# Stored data
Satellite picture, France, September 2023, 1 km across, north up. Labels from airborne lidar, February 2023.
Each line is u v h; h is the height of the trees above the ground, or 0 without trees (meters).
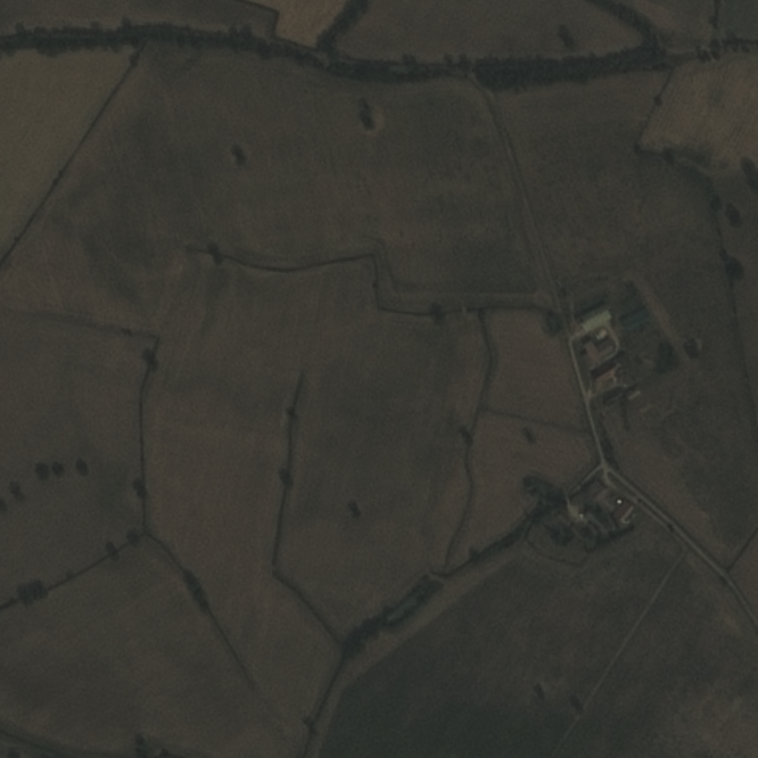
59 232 0
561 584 0
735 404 0
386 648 0
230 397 0
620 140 0
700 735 0
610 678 0
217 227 0
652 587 0
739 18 0
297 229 0
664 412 0
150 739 0
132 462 0
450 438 0
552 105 0
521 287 0
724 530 0
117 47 13
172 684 0
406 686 0
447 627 0
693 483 0
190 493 0
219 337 0
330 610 0
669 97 0
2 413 0
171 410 0
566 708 0
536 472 0
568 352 0
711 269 0
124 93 0
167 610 0
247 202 0
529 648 0
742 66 0
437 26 0
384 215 0
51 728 0
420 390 0
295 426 0
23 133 0
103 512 0
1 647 0
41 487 0
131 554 0
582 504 0
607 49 0
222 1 0
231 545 0
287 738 0
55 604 0
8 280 0
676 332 0
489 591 0
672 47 0
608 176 0
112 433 0
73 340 0
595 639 0
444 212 0
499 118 0
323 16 0
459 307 0
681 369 0
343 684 0
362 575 0
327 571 0
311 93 0
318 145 0
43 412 0
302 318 0
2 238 0
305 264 0
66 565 0
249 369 0
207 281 0
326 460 0
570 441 0
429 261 0
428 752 0
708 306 0
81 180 0
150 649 0
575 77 12
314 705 0
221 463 0
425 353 0
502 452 0
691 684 0
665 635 0
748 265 0
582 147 0
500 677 0
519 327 0
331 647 0
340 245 0
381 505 0
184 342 0
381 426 0
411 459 0
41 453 0
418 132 0
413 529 0
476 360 0
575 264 0
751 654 0
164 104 0
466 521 0
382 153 0
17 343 0
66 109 0
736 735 0
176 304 0
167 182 0
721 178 0
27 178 0
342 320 0
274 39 0
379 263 0
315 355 0
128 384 0
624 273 0
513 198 0
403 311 0
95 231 0
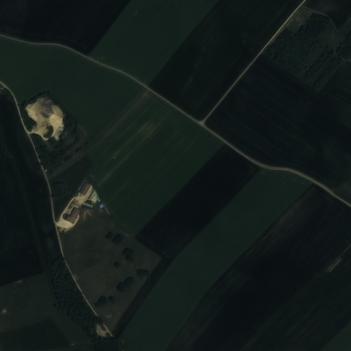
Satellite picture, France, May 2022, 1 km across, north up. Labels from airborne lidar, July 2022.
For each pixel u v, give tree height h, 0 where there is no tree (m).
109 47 0
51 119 0
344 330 0
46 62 0
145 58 0
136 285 0
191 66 0
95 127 0
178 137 0
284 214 0
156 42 0
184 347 0
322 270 0
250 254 0
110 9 0
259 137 0
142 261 0
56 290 12
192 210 0
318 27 15
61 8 0
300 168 0
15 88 0
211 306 0
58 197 13
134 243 0
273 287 0
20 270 0
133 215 0
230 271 0
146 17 0
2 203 0
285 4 0
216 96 0
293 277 0
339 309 0
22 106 11
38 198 0
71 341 0
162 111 0
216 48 0
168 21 0
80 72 0
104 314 0
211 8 0
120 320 0
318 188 0
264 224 0
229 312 0
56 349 0
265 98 0
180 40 0
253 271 0
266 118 0
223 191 0
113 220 0
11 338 0
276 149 0
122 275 0
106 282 0
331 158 0
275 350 0
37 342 0
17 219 0
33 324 0
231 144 0
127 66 0
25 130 0
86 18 0
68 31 0
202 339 0
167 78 0
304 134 0
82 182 0
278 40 12
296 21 0
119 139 0
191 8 0
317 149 0
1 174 0
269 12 0
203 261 0
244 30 0
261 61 0
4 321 0
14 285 0
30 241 0
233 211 0
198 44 0
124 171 0
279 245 0
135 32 0
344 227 0
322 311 0
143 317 0
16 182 0
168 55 0
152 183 0
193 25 0
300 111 0
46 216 0
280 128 0
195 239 0
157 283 0
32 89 0
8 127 0
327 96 0
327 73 16
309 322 0
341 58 13
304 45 22
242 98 0
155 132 0
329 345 0
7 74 0
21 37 0
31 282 0
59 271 10
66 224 0
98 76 0
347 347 0
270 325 0
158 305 0
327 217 0
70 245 0
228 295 0
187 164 0
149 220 0
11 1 0
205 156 0
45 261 0
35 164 0
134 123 0
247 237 0
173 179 0
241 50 0
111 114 0
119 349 15
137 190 0
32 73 0
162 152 0
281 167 0
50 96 8
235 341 0
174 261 0
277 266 0
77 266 0
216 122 0
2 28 0
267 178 0
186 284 0
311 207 0
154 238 0
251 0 0
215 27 0
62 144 13
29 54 0
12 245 0
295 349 0
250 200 0
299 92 0
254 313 0
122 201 0
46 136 0
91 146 0
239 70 0
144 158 0
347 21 0
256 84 0
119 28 0
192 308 0
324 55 10
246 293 0
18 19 0
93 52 0
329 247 0
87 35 0
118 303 0
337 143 0
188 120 0
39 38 0
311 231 0
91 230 0
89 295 0
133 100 0
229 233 0
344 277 0
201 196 0
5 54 0
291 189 0
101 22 0
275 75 0
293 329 0
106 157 0
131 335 0
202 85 0
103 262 0
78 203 0
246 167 0
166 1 0
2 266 0
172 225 0
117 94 0
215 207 0
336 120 0
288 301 0
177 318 0
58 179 0
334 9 0
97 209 0
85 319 11
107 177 0
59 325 0
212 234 0
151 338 0
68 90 0
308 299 0
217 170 0
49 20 0
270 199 0
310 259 0
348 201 0
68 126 12
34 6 0
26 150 0
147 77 0
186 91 0
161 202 0
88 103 0
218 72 0
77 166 0
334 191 0
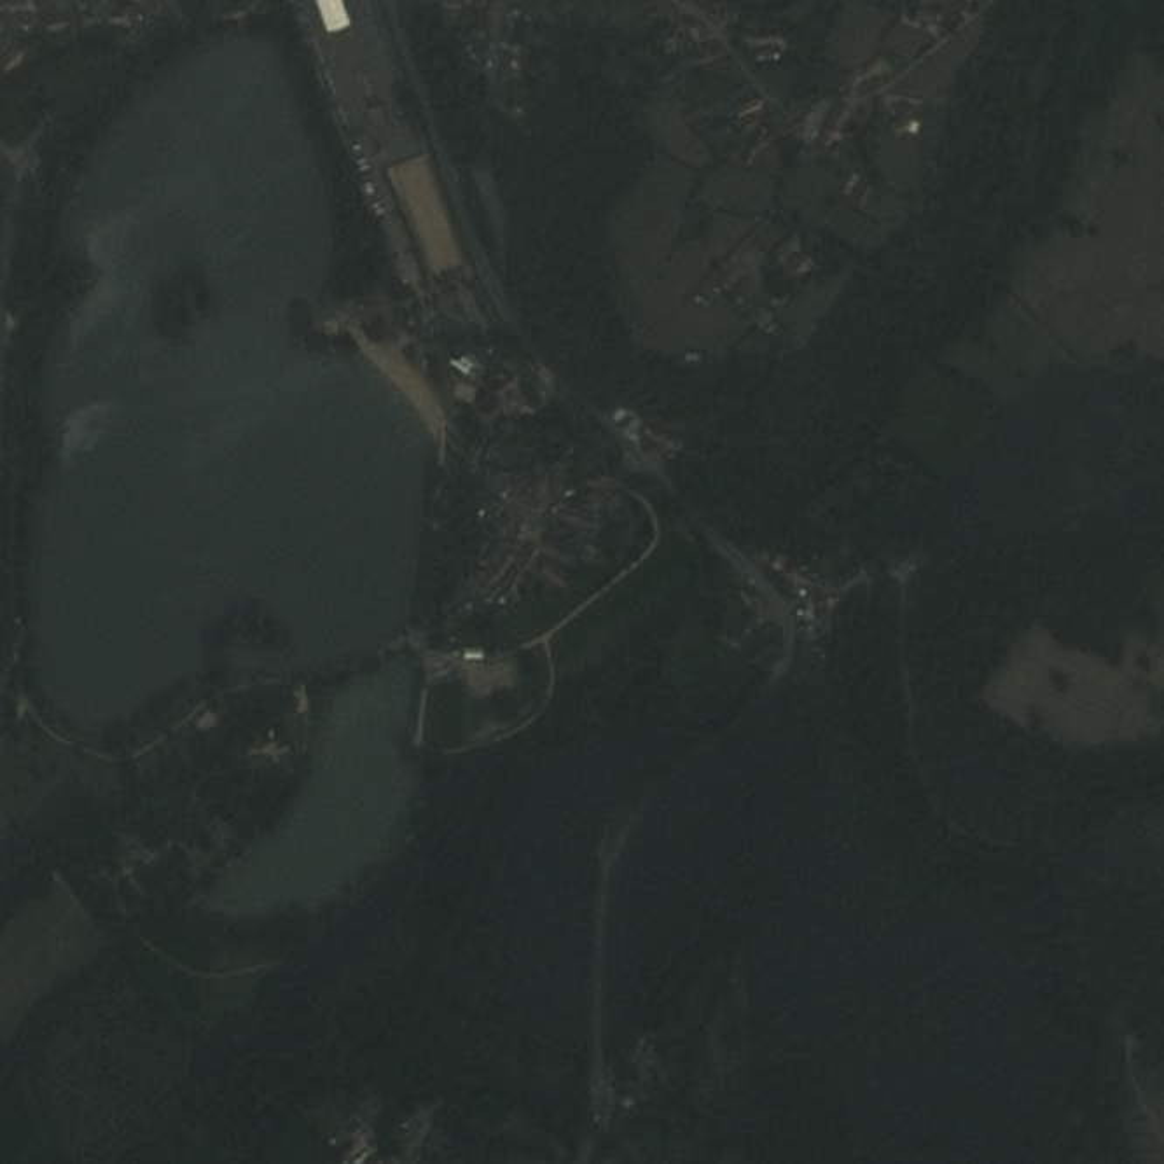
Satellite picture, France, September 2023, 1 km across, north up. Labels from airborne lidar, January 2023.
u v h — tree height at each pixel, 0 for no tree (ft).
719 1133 38
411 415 0
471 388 0
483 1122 0
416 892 89
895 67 0
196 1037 0
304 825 0
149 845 53
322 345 36
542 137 83
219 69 0
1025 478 102
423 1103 21
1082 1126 82
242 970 0
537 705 0
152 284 0
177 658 0
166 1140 61
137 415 0
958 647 50
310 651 0
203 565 0
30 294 53
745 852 66
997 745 48
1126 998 92
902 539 54
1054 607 38
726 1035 0
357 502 0
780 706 58
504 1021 26
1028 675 0
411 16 72
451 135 76
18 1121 0
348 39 0
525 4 0
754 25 0
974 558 55
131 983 51
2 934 0
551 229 73
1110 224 0
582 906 104
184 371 0
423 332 36
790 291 43
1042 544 44
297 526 0
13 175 0
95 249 0
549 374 0
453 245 0
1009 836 22
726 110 0
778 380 64
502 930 84
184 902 48
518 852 86
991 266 62
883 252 31
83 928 0
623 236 0
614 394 19
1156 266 0
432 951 94
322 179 35
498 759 54
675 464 21
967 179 50
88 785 0
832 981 122
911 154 0
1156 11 94
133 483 0
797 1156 62
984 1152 107
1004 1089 106
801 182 0
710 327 0
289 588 0
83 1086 94
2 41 0
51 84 0
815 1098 66
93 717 0
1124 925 62
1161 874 91
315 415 0
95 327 0
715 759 20
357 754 0
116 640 0
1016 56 26
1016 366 0
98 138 58
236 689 0
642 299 0
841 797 101
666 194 0
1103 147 0
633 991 74
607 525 51
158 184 0
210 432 0
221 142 0
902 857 99
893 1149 111
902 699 46
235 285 0
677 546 0
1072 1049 92
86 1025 81
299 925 30
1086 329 0
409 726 0
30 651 64
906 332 29
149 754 0
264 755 0
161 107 0
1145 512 73
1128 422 81
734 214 18
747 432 56
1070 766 44
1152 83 0
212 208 0
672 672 0
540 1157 37
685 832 61
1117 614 58
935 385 0
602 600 0
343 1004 106
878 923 125
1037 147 0
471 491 19
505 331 26
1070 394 89
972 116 59
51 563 0
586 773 85
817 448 70
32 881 60
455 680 0
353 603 0
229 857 32
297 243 0
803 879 97
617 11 0
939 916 0
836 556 0
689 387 31
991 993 139
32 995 0
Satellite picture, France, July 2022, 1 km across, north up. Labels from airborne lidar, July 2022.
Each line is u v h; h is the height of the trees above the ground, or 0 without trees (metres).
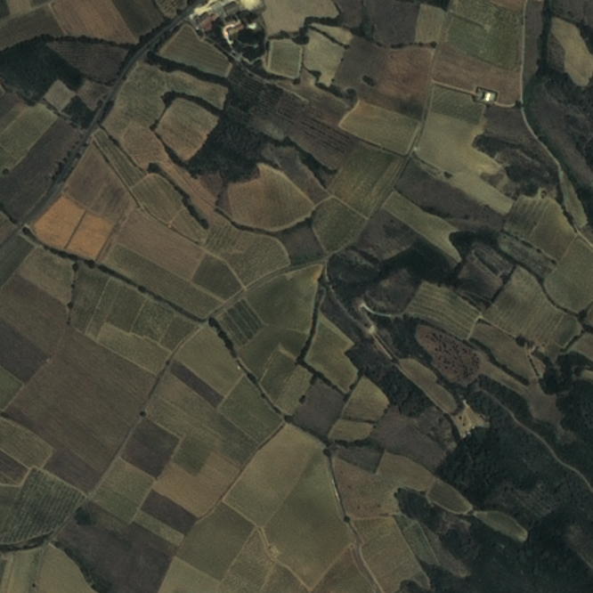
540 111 0
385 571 0
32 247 0
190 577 0
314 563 0
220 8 0
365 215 0
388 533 0
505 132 0
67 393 0
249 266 0
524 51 0
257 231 0
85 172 0
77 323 0
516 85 0
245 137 7
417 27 0
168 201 0
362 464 0
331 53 0
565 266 0
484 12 0
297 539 0
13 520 0
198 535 0
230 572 0
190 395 0
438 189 0
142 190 0
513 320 0
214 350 0
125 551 0
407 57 0
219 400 0
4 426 0
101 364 0
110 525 0
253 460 0
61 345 0
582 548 0
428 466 0
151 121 0
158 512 0
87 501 0
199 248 0
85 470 0
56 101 0
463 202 0
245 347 0
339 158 0
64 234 0
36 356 0
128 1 0
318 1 0
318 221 0
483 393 8
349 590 0
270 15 0
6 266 0
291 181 0
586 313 10
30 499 0
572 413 7
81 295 0
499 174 0
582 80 0
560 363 8
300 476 0
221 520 0
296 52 0
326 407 0
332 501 0
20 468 0
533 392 0
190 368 0
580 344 0
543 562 6
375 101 0
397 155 0
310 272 0
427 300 0
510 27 0
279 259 0
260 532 0
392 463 0
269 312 0
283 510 0
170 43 0
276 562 0
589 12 0
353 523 0
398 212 0
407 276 0
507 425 8
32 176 0
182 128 0
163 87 0
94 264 11
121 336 0
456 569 0
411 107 0
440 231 0
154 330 0
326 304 0
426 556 0
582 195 16
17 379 0
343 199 0
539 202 0
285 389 0
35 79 7
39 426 0
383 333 0
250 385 0
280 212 0
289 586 0
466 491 9
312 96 0
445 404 0
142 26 0
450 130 0
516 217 0
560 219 0
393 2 0
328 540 0
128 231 0
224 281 0
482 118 0
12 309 0
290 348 0
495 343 0
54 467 0
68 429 0
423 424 0
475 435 17
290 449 0
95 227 0
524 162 0
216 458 0
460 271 7
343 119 0
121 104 0
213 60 0
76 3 0
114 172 0
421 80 0
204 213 0
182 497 0
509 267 0
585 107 10
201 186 0
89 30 0
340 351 0
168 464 0
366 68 0
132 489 0
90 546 0
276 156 0
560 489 11
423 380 0
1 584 0
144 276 0
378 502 0
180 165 8
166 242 0
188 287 0
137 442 0
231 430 0
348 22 0
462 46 0
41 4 0
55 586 0
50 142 0
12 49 6
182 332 0
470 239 7
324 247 0
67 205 0
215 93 0
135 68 0
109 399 0
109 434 0
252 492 0
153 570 0
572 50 0
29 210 0
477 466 12
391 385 8
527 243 9
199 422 0
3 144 0
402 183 0
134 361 0
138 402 0
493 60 0
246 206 0
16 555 0
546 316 0
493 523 0
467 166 0
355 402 0
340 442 7
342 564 0
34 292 0
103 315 0
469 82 0
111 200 0
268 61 0
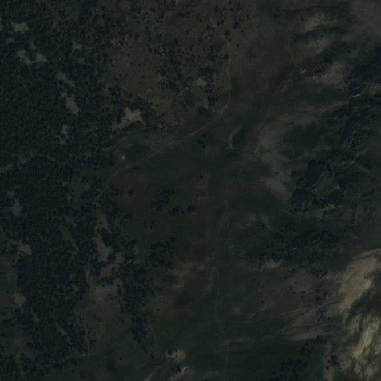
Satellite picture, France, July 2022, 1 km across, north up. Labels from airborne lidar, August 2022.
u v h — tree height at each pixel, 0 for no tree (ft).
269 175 0
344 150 0
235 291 0
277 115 0
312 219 0
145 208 0
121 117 37
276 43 0
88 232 34
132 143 0
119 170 0
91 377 0
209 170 0
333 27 0
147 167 0
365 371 0
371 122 0
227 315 0
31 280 36
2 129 20
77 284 38
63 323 43
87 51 36
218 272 0
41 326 38
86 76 36
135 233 0
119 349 0
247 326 0
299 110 0
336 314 0
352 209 0
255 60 0
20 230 43
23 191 46
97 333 0
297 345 0
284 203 0
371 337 0
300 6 0
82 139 46
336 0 0
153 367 0
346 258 0
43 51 48
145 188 0
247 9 0
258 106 0
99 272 29
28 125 55
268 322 0
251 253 0
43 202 51
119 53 0
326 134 0
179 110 0
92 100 35
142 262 0
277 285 0
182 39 0
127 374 0
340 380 0
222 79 0
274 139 0
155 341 0
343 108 0
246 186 0
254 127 0
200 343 0
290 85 0
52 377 0
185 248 0
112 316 0
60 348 52
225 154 0
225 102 0
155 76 0
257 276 0
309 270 0
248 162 0
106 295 0
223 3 0
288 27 0
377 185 0
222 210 0
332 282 0
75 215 40
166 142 0
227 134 0
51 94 35
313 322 0
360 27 0
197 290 0
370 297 0
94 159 29
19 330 0
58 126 54
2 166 23
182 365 0
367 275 0
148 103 35
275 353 0
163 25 0
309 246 0
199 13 0
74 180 0
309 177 0
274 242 0
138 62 0
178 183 0
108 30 41
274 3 0
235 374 0
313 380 0
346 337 0
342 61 0
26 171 54
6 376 24
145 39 0
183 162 0
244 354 0
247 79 0
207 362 0
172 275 0
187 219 0
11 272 0
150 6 0
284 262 0
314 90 0
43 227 47
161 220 0
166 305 0
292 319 0
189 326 0
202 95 0
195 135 0
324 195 0
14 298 0
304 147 0
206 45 0
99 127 44
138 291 24
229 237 0
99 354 0
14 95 61
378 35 0
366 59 0
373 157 0
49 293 31
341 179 0
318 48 0
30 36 58
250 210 0
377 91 0
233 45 0
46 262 37
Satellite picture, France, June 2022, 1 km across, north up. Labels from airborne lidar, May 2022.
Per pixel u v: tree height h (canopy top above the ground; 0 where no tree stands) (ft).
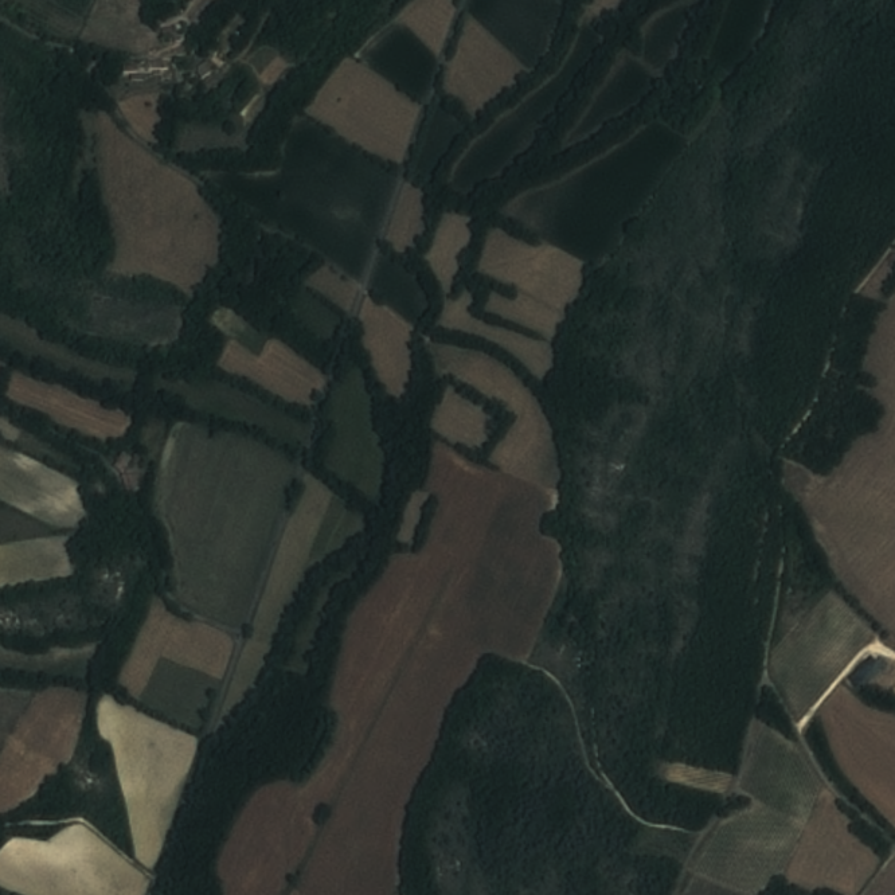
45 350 0
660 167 0
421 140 30
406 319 0
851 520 0
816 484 0
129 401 90
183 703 0
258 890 0
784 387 30
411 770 0
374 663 0
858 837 29
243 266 58
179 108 62
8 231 35
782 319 45
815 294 37
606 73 43
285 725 66
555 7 0
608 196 0
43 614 20
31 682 53
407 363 0
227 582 0
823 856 0
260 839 0
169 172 0
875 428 51
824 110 31
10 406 39
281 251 40
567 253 0
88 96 61
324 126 31
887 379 0
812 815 0
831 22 20
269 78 0
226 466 0
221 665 0
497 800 32
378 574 44
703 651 25
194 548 0
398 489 90
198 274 0
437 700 0
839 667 0
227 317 0
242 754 94
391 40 0
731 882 0
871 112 54
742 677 37
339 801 0
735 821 0
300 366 0
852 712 0
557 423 60
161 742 0
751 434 23
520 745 22
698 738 29
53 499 0
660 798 46
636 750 21
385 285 0
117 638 66
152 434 0
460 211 63
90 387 98
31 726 0
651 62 0
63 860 0
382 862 0
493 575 0
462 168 0
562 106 38
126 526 65
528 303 0
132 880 0
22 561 0
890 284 35
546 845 28
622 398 24
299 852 0
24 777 0
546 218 0
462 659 0
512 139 0
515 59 0
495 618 0
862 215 29
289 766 52
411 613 0
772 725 50
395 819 0
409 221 0
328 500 0
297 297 26
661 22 0
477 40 0
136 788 0
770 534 29
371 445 0
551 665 0
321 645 66
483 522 0
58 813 50
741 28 0
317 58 28
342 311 36
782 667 0
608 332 20
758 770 0
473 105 0
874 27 50
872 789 0
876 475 0
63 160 64
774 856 0
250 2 42
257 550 0
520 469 0
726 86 42
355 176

# What the exercise asks
Please count how many lines of the records include "without", giving the number and nothing else.

# Written answer
2